Reply #1 on: March 07, 2017, 10:20:28 PM
Preparation.  That is the only valid, non-medical advice I think that can be given.  Prepare.  Practice your set in your room/apartment/whatever under ALL stress-inducing stimuli.  Drink two pots of coffee, and then play your set.  Get naked and invite your neighbors/friends to watch you play your whole set.

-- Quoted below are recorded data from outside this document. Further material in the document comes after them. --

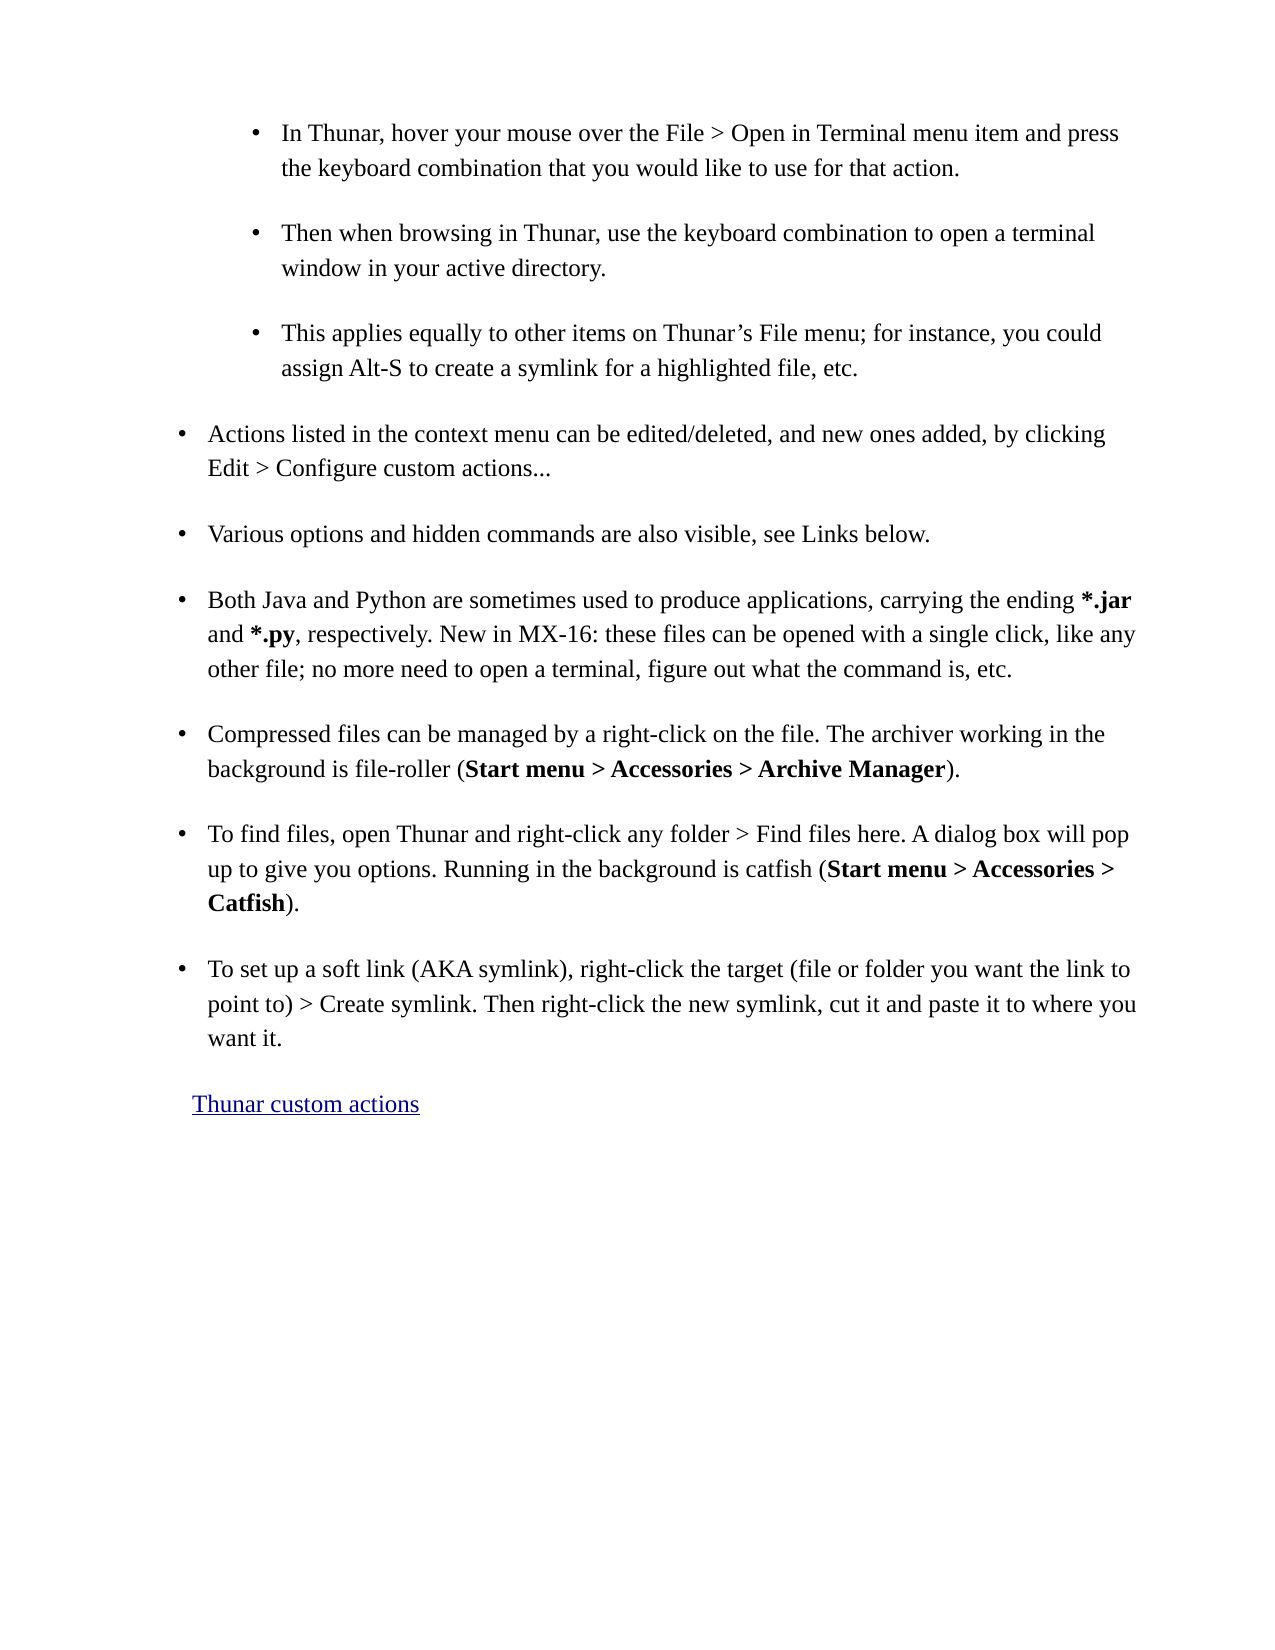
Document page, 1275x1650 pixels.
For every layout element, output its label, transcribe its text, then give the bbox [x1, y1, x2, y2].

list Compressed files can be managed by a right-click on the file. The archiver working in the background is file-roller (Start menu > Accessories > Archive Manager). [178, 719, 1141, 783]
list Thunar custom actions [162, 1089, 1157, 1118]
list Various options and hidden commands are also visible, see Links below. [178, 519, 1141, 548]
list In Thunar, hover your mouse over the File > Open in Terminal menu item and press the keyboard combination that you would like to use for that action. [252, 118, 1141, 181]
list This applies equally to other items on Thunar’s File menu; for instance, you could assign Alt-S to create a symlink for a highlighted file, etc. [252, 318, 1141, 382]
list Actions listed in the context menu can be edited/deleted, and new ones added, by clicking Edit > Configure custom actions... [178, 419, 1141, 482]
list Then when browsing in Thunar, use the keyboard combination to open a terminal window in your active directory. [252, 218, 1141, 282]
list Both Java and Python are sometimes used to produce applications, carrying the ending *.jar and *.py, respectively. New in MX-16: these files can be opened with a single click, like any other file; no more need to open a terminal, figure out what the command is, etc. [178, 585, 1141, 682]
list To find files, open Thunar and right-click any folder > Find files here. A dialog box will pop up to give you options. Running in the background is catfish (Start menu > Accessories > Catfish). [178, 819, 1141, 917]
list To set up a soft link (AKA symlink), right-click the target (file or folder you want the link to point to) > Create symlink. Then right-click the new symlink, cut it and paste it to where you want it. [178, 954, 1141, 1052]
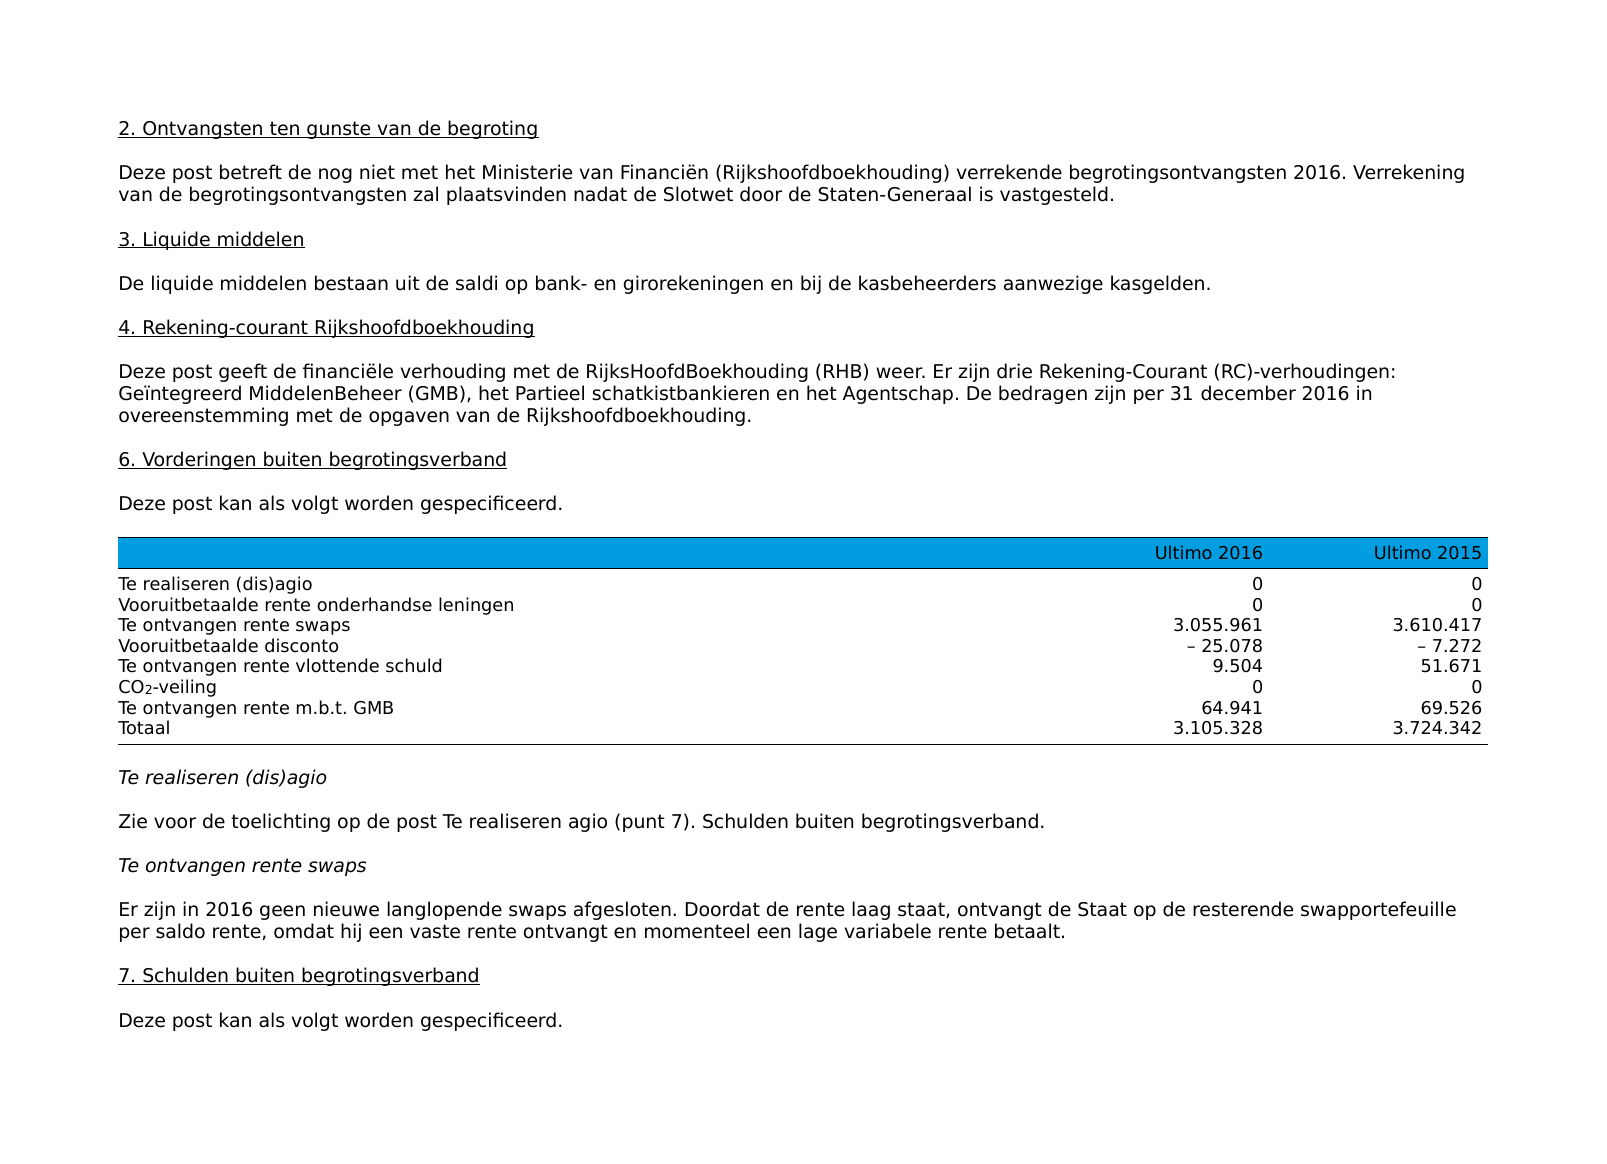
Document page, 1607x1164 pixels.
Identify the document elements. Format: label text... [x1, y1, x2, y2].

table_header Ultimo 2015 [1269, 538, 1488, 568]
text Er zijn in 2016 geen nieuwe langlopende swaps afgesloten. Doordat de rente laag staat, ontvangt de Staat op de resterende swapportefeuille per saldo rente, omdat hij een vaste rente ontvangt en momenteel een lage variabele rente betaalt. [118, 899, 1488, 943]
table_cell 3.055.961 [1050, 615, 1269, 636]
text Deze post geeft de financiële verhouding met de RijksHoofdBoekhouding (RHB) weer. Er zijn drie Rekening-Courant (RC)-verhoudingen: Geïntegreerd MiddelenBeheer (GMB), het Partieel schatkistbankieren en het Agentschap. De bedragen zijn per 31 december 2016 in overeenstemming met de opgaven van de Rijkshoofdboekhouding. [118, 361, 1488, 427]
subtitle Te realiseren (dis)agio [118, 767, 1488, 789]
table_cell Te realiseren (dis)agio [118, 569, 1050, 594]
subtitle 7. Schulden buiten begrotingsverband [118, 965, 1488, 987]
table_cell 64.941 [1050, 698, 1269, 718]
table_cell 0 [1050, 595, 1269, 615]
text De liquide middelen bestaan uit de saldi op bank- en girorekeningen en bij de kasbeheerders aanwezige kasgelden. [118, 273, 1488, 294]
text Deze post kan als volgt worden gespecificeerd. [118, 1009, 1488, 1032]
table_cell 9.504 [1050, 656, 1269, 677]
table_cell Vooruitbetaalde disconto [118, 636, 1050, 656]
table_header Ultimo 2016 [1050, 538, 1269, 568]
table_cell 0 [1269, 595, 1488, 615]
table_cell Vooruitbetaalde rente onderhandse leningen [118, 595, 1050, 615]
table_cell 0 [1050, 569, 1269, 594]
table_cell 0 [1269, 569, 1488, 594]
table_cell 3.724.342 [1269, 718, 1488, 743]
subtitle Te ontvangen rente swaps [118, 855, 1488, 877]
table_cell 3.105.328 [1050, 718, 1269, 743]
subtitle 2. Ontvangsten ten gunste van de begroting [118, 118, 1488, 140]
subtitle 3. Liquide middelen [118, 228, 1488, 250]
table_cell CO2-veiling [118, 677, 1050, 698]
subtitle 6. Vorderingen buiten begrotingsverband [118, 449, 1488, 471]
table_cell – 25.078 [1050, 636, 1269, 656]
table_cell – 7.272 [1269, 636, 1488, 656]
subtitle 4. Rekening-courant Rijkshoofdboekhouding [118, 317, 1488, 339]
table_cell 3.610.417 [1269, 615, 1488, 636]
text Deze post betreft de nog niet met het Ministerie van Financiën (Rijkshoofdboekhouding) verrekende begrotingsontvangsten 2016. Verrekening van de begrotingsontvangsten zal plaatsvinden nadat de Slotwet door de Staten-Generaal is vastgesteld. [118, 162, 1488, 206]
table_cell 0 [1050, 677, 1269, 698]
table_cell 69.526 [1269, 698, 1488, 718]
table_cell Te ontvangen rente vlottende schuld [118, 656, 1050, 677]
table_cell 51.671 [1269, 656, 1488, 677]
table_header [118, 538, 1050, 568]
table_cell 0 [1269, 677, 1488, 698]
text Zie voor de toelichting op de post Te realiseren agio (punt 7). Schulden buiten begrotingsverband. [118, 811, 1488, 833]
text Deze post kan als volgt worden gespecificeerd. [118, 493, 1488, 515]
table_cell Te ontvangen rente m.b.t. GMB [118, 698, 1050, 718]
table_cell Totaal [118, 718, 1050, 743]
table_cell Te ontvangen rente swaps [118, 615, 1050, 636]

Don't drink to "settle your nerves" -- I'm a big fan of booze, but it messes up your time too much.  I mean by that that booze has a deleterious effect on your perception of time, and your rhythm needs to be perfect.  Probably applies to weed as well, but since I'm not a 13-year old girl, I don't have an opinion on that.

I've heard people say various betablockers work.  I wouldn't know.  Maybe twice a year, like before taking a certification exam or going to an odious party, I'll take a Xanax, which is a different class of drugs.  I used to be so anxious I'd either drink or use a drug to calm myself down just to go play a rock and roll club with some people I hated.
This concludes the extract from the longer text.